*The data*:
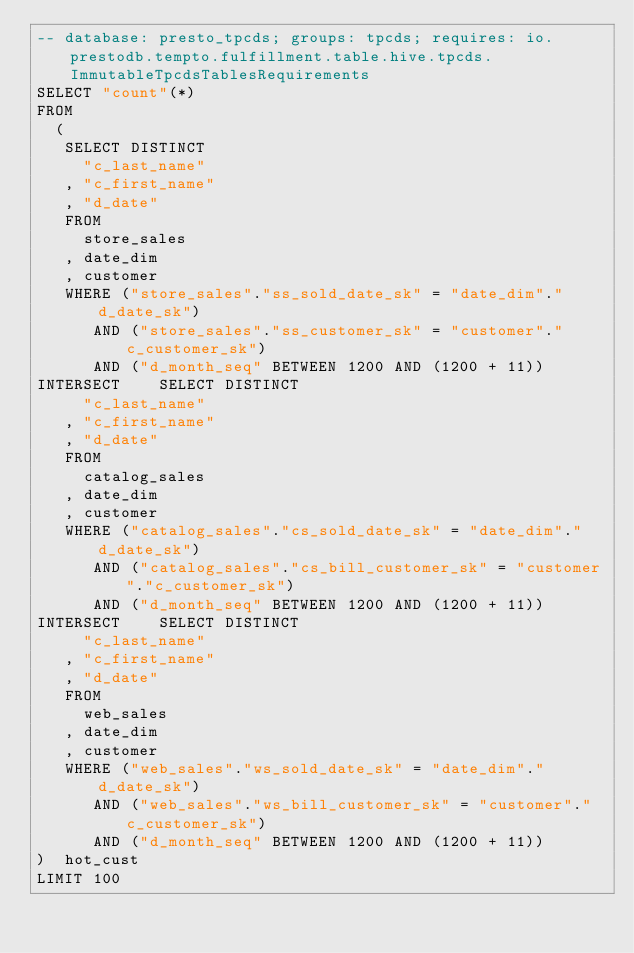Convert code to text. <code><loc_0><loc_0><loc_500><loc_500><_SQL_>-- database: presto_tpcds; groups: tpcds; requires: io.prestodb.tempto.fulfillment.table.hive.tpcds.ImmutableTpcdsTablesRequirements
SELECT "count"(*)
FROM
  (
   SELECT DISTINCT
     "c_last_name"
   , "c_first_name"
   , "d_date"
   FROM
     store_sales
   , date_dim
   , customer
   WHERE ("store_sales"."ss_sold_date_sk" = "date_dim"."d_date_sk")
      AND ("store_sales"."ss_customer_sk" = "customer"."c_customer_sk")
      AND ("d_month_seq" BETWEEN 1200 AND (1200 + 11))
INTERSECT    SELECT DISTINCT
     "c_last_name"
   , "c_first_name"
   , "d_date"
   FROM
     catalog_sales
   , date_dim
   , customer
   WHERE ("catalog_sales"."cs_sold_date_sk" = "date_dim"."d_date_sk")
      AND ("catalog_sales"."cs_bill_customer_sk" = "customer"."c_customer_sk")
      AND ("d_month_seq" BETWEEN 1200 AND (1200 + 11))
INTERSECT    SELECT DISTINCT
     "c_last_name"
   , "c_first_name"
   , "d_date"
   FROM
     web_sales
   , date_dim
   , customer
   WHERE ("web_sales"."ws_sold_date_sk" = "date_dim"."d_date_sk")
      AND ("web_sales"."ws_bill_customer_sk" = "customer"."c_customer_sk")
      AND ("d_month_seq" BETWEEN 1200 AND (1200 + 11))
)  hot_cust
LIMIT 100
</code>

*Work to complete*: Could you return the whole listing exactly, images excluded?

*Solution to this exercise*:
Convert code to text. <code><loc_0><loc_0><loc_500><loc_500><_SQL_>-- database: presto_tpcds; groups: tpcds; requires: io.prestodb.tempto.fulfillment.table.hive.tpcds.ImmutableTpcdsTablesRequirements
SELECT "count"(*)
FROM
  (
   SELECT DISTINCT
     "c_last_name"
   , "c_first_name"
   , "d_date"
   FROM
     store_sales
   , date_dim
   , customer
   WHERE ("store_sales"."ss_sold_date_sk" = "date_dim"."d_date_sk")
      AND ("store_sales"."ss_customer_sk" = "customer"."c_customer_sk")
      AND ("d_month_seq" BETWEEN 1200 AND (1200 + 11))
INTERSECT    SELECT DISTINCT
     "c_last_name"
   , "c_first_name"
   , "d_date"
   FROM
     catalog_sales
   , date_dim
   , customer
   WHERE ("catalog_sales"."cs_sold_date_sk" = "date_dim"."d_date_sk")
      AND ("catalog_sales"."cs_bill_customer_sk" = "customer"."c_customer_sk")
      AND ("d_month_seq" BETWEEN 1200 AND (1200 + 11))
INTERSECT    SELECT DISTINCT
     "c_last_name"
   , "c_first_name"
   , "d_date"
   FROM
     web_sales
   , date_dim
   , customer
   WHERE ("web_sales"."ws_sold_date_sk" = "date_dim"."d_date_sk")
      AND ("web_sales"."ws_bill_customer_sk" = "customer"."c_customer_sk")
      AND ("d_month_seq" BETWEEN 1200 AND (1200 + 11))
)  hot_cust
LIMIT 100
</code>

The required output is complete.